Problem/Motivation
Follow-up based on #2948579-15: Block web.config in .htaccess (and vice-versa)
The .htaccess and web.config files provided with core both contain rules to block access to source / config file which should not be viewable through the webserver e.g.
# Protect files and directories from prying eyes.
<FilesMatch "\.(engine|inc|install|make|module|profile|po|sh|.*sql|theme|twig|tpl(\.php)?|xtmpl|yml)(~|\.sw[op]|\.bak|\.orig|\.save)?$|^(\.(?!well-known).*|Entries.*|Repository|Root|Tag|Template|composer\.(json|lock))$|^#.*#$|\.php(~|\.sw[op]|\.bak|\.orig|\.save)$">
However, as @longwave pointed out in the linked issue, the rules seem to have got out of sync (i.e. they don't match exactly) across the two files:
I did also notice that the regexes differ elsewhere in a few places - web.config blocks code-style.pl (not sure why) and what looks like SVN repository files, but not .make files - we should probably open another issue to unify this properly. Both files also block .xtmpl files, which are surely long obsolete.
Proposed resolution
Review the relevant rules in .htaccess and web.config and alter them so that they match, as appropriate.
Remaining tasks
* Review the rules, and decide what changes need to be made to each.
* Make those changes.
* Check whether any tests need to be updated.
User interface changes
None.
API changes
None... I think; although it's possible that changing these files could change the behaviour of existing sites... so that'd need to be considered.
Data model changes
None.
Comments
Comment #2
mcdruid commentedComment #3
ayesh commentedComment #4
ayesh commentedHi @mcdruid and everyone,
I did some research round the web.config and .htaccess regular expressions, and you are right there are things that we should align well, plus there is a big room for improvement.
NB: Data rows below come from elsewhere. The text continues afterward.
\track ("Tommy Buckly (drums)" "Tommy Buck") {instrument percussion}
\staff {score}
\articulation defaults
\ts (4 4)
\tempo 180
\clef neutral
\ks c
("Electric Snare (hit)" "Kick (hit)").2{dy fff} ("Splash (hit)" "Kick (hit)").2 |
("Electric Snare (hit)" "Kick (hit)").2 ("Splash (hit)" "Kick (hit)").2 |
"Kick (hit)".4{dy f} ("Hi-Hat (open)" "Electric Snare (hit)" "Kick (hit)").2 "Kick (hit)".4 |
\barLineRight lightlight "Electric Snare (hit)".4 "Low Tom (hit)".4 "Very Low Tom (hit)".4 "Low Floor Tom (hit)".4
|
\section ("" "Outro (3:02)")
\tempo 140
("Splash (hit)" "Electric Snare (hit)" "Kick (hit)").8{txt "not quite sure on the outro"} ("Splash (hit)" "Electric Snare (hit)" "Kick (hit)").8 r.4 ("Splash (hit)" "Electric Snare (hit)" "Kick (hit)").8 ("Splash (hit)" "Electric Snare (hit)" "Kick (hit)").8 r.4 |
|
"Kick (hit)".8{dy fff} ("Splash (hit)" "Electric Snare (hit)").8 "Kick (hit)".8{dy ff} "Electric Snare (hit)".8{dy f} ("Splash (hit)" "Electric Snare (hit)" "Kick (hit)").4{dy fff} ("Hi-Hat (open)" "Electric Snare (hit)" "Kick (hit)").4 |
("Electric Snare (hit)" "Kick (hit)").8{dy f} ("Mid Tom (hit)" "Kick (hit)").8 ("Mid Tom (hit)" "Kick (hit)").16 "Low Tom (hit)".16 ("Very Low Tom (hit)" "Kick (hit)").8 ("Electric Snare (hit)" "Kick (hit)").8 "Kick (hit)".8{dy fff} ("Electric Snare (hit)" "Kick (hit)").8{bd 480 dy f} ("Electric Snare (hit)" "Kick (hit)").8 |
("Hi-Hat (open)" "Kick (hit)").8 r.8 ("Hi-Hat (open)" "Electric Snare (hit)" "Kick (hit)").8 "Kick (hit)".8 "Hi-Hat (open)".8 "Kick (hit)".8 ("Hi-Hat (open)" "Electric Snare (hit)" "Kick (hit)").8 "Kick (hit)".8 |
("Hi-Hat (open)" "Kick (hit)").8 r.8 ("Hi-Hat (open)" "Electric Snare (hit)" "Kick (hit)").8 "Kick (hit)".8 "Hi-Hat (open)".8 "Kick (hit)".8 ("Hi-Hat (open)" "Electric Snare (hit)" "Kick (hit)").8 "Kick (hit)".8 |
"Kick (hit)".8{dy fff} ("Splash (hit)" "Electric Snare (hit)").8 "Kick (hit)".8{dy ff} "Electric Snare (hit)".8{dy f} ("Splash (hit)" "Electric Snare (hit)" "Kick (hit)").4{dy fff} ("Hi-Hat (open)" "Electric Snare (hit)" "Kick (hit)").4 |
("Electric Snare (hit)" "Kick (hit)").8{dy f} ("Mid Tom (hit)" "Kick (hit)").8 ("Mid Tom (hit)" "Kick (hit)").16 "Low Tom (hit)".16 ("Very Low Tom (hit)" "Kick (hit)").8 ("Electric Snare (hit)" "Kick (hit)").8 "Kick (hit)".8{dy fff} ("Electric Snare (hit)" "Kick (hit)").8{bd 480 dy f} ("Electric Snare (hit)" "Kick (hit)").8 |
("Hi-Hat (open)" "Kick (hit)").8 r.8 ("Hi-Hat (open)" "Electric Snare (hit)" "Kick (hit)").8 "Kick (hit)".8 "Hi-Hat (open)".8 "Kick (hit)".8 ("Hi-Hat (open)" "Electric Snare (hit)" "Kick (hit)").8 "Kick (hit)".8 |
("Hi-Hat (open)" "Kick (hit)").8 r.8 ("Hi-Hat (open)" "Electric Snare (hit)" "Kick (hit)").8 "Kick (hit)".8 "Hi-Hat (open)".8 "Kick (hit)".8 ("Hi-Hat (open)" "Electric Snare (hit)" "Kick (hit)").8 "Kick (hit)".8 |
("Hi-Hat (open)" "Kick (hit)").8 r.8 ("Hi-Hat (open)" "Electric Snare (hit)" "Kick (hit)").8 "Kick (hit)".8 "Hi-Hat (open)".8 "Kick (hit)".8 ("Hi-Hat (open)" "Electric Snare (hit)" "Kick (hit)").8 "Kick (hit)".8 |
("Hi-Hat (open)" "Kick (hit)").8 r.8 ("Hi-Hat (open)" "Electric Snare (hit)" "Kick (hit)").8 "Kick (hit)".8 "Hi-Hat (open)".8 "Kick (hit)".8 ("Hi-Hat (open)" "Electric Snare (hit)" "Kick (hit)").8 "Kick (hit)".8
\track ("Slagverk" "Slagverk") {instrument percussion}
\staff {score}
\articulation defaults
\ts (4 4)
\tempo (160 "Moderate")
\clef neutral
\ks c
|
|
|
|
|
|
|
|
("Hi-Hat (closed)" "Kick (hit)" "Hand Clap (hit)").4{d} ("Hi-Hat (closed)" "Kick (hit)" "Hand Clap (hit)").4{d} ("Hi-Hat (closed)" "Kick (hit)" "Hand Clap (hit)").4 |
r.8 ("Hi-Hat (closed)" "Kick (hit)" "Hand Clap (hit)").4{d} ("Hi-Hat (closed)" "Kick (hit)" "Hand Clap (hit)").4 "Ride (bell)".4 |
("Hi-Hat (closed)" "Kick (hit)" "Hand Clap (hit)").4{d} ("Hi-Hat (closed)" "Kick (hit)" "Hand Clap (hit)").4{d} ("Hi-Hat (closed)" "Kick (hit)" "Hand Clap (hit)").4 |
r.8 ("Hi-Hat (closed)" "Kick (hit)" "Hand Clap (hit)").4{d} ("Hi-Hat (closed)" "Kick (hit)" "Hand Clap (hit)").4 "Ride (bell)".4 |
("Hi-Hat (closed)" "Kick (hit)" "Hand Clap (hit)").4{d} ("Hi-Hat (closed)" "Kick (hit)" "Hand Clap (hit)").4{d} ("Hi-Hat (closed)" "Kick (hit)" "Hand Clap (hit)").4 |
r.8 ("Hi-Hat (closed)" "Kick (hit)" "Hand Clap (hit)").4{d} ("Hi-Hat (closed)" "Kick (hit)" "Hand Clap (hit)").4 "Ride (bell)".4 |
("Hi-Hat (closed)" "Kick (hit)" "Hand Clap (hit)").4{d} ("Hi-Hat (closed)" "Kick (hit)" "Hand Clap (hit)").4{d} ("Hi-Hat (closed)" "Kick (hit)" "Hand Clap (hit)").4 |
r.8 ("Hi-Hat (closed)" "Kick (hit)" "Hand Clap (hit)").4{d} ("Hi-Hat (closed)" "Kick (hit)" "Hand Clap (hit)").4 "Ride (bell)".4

https://regex101.com/r/WZAIsO/1
1. Performance
This regex has 1789 steps. This is too much considering we only need to match the file extension and certain directories. Because we will need to release an .htaccess update, I think it's better if we optimize this s well.
2. Add-only modifications over time
The regular expressions long and somewhat difficult to maintain. In addition, we have one more rule that blocks all files and directories starting with a dot. This longer regex is long and hard to wrap head around. The regex is so long you can write and publish small npm package before you finish reading it. I suggest that we remove some redundant rules.
Comment #5
ayesh commentedI created another issue because I didn't want to hijack this issue, which I believe the main focus is reconciling .htaccess and web.config. However, I also believe a wider clean up for these files are also in order.
Comment #14
mastap commentedI am wondering why we don't reverse this logic, and only list the extensions and file pattern that we want to serve, excluding all the others from being served.
I feel this would secure even more the environment.